Propargite

Administrative data

Endpoint:

developmental toxicity

Type of information:

experimental study

Adequacy of study:

key study

Study period:

10th July 1989 to 11th August 1989

Reliability:

1 (reliable without restriction)

Rationale for reliability incl. deficiencies:

guideline study

Data source

Materials and methods

Test guidelineopen allclose all

GLP compliance:

yes

Limit test:

no

Test material

Test animals

Species:

rabbit

Strain:

New Zealand White

Details on test animals or test system and environmental conditions:

TEST ANIMALS
- Source: Hazleton Research Products, Denver, Pennsylvania, USA
- Age at study initiation: approximately 5-6 months
- Weight at study initiation: 3049-4528 g on gestation day 0
- Housing: individually in suspended stainless steel cages
- Diet: Certified Rabbit Chow® #5322 ad libitum
- Water: tap water ad libitum
- Acclimation period: 25-67 days

ENVIRONMENTAL CONDITIONS
- Temperature: 67-76 ºF (mean 71 ± 2.3 ºF)
- Humidity: 54-70 % (mean 62 ± 4.4 %)
- Photoperiod: 12 hrs dark / 12 hrs light

Administration / exposure

Route of administration:

oral: gavage

Vehicle:

corn oil

Details on exposure:

PREPARATION OF DOSING SOLUTIONS:
- The appropriate amount of test material was weighed into a beaker and the appropriate amount of corn oil added. The test material was stored at room temperature with fresh material prepared weekly.

Analytical verification of doses or concentrations:

not specified

Details on analytical verification of doses or concentrations:

Prior to test material administration, the 10 day stability of the test material stored at room temperature was established.

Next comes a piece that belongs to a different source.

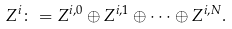<formula> <loc_0><loc_0><loc_500><loc_500>Z ^ { i } \colon = Z ^ { i , 0 } \oplus Z ^ { i , 1 } \oplus \dots \oplus Z ^ { i , N } .</formula>

To ensure correct concentrations of the test material, analyses of the prepared dosing suspension was conducted prior to dosing on days 7 and 12.

Details on mating procedure:

- Impregnation procedure: artificial insemination

Duration of treatment / exposure:

Days 7 to 19 of gestation

Frequency of treatment:

Daily

Duration of test:

Up to gestation day 29.

Doses / concentrationsopen allclose all

No. of animals per sex per dose:

Twenty-five

Control animals:

yes, concurrent vehicle

Examinations

Maternal examinations:

CAGE SIDE OBSERVATIONS: Yes
- Time schedule: twice daily
- Cage side observations checked: mortality and overt changes in appearance and behaviour.

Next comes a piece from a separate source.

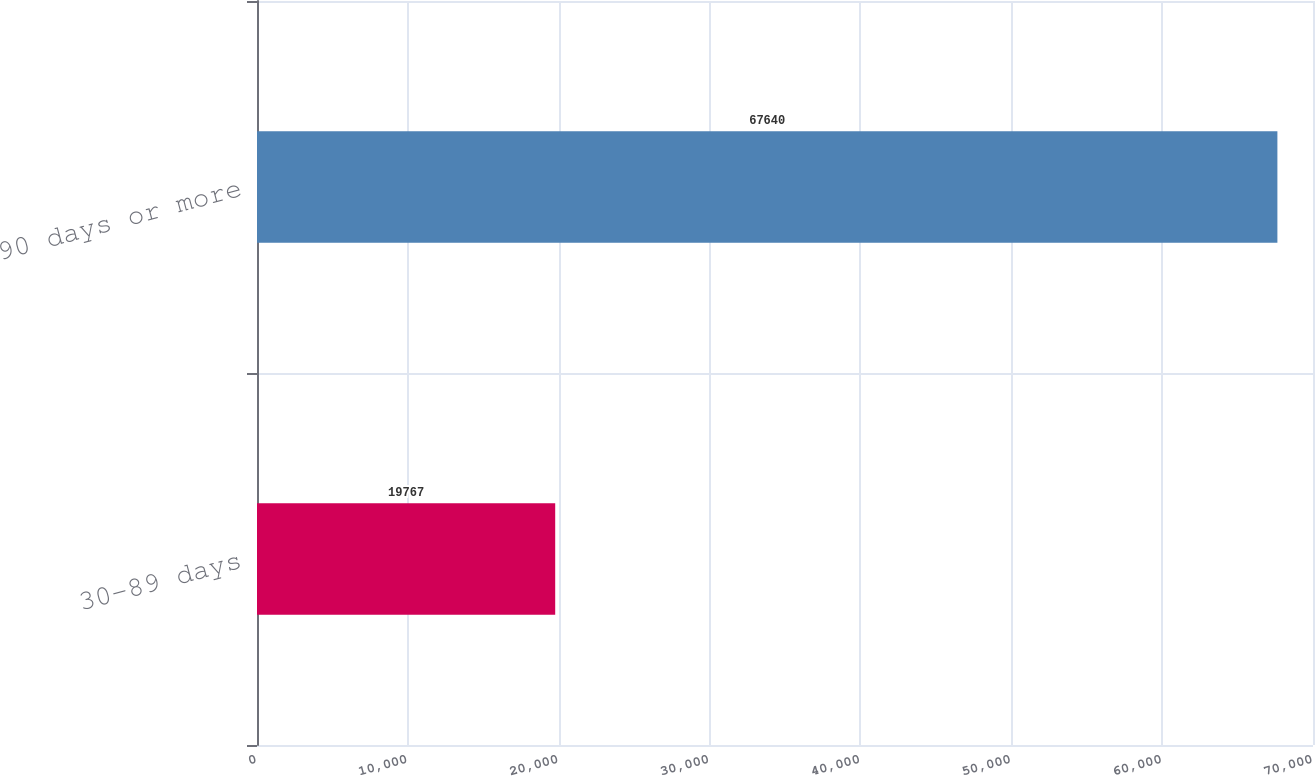<chart> <loc_0><loc_0><loc_500><loc_500><bar_chart><fcel>30-89 days<fcel>90 days or more<nl><fcel>19767<fcel>67640<nl></chart>

DETAILED CLINICAL OBSERVATIONS: Yes
- Time schedule: once daily on days 7 to 29 of gestation.

BODY WEIGHT: Yes
- Time schedule for examinations: days 0, 7, 13, 20, 24 and 29 of gestation.

FOOD CONSUMPTION AND COMPOUND INTAKE (if feeding study): No

WATER CONSUMPTION AND COMPOUND INTAKE (if drinking water study): No

POST-MORTEM EXAMINATIONS: Yes
- Sacrifice on gestation day 29. The abdominal and thoracic cavities and organs of the females were examined for grossly evident morphological changes and the carcasses discarded.
- Females not surviving to scheduled sacrifice were necropsied in an attempt to determine the cause of death.

OTHER:
- Any female showing signs of abortion or premature delivery was sacrificed on the day such evidence was seen and the aborted tissue examined and preserved.

Ovaries and uterine content:

The ovaries and uterine content was examined after termination: Yes
Examinations included:
- Gravid uterus weight: Yes
- Number of corpora lutea: No
- Number of implantations: Yes
- Number of early resorptions: Yes
- Number of late resorptions: Yes
- Other: location of viable and non-viable foetuses

Fetal examinations:

- External examinations: Yes [all per litter]
- Soft tissue examinations: Yes [all per litter]
- Skeletal examinations: Yes [all per litter]
- Head examinations: No

Statistics:

Sex ratios of offspring compared using chi-squared test and/or Fisher's exact probability test. Proportion of resorbed/dead foetuses and post-implantation losses compared using Mann-Whitney test. Mean maternal body weight, corpora lutea, total implantations, number of live foetuses and pups compared with one-way analysis of variance using Bartlett's test for homogeneity of variance and the appropriate t-test to determine significance of differences.

Results and discussion

Results: maternal animals

General toxicity (maternal animals)

Clinical signs:

effects observed, treatment-related

Description (incidence and severity):

Antemortem signs observed prior to abortion included hair loss, aborted material, anogenital staining, decreased defecation and emaciation

Mortality:

mortality observed, non-treatment-related

Description (incidence):

There were no treatment-related effects on survival. One animal in each of the 6 and 8 mg/kg bw/d groups died although the cause of death was not established.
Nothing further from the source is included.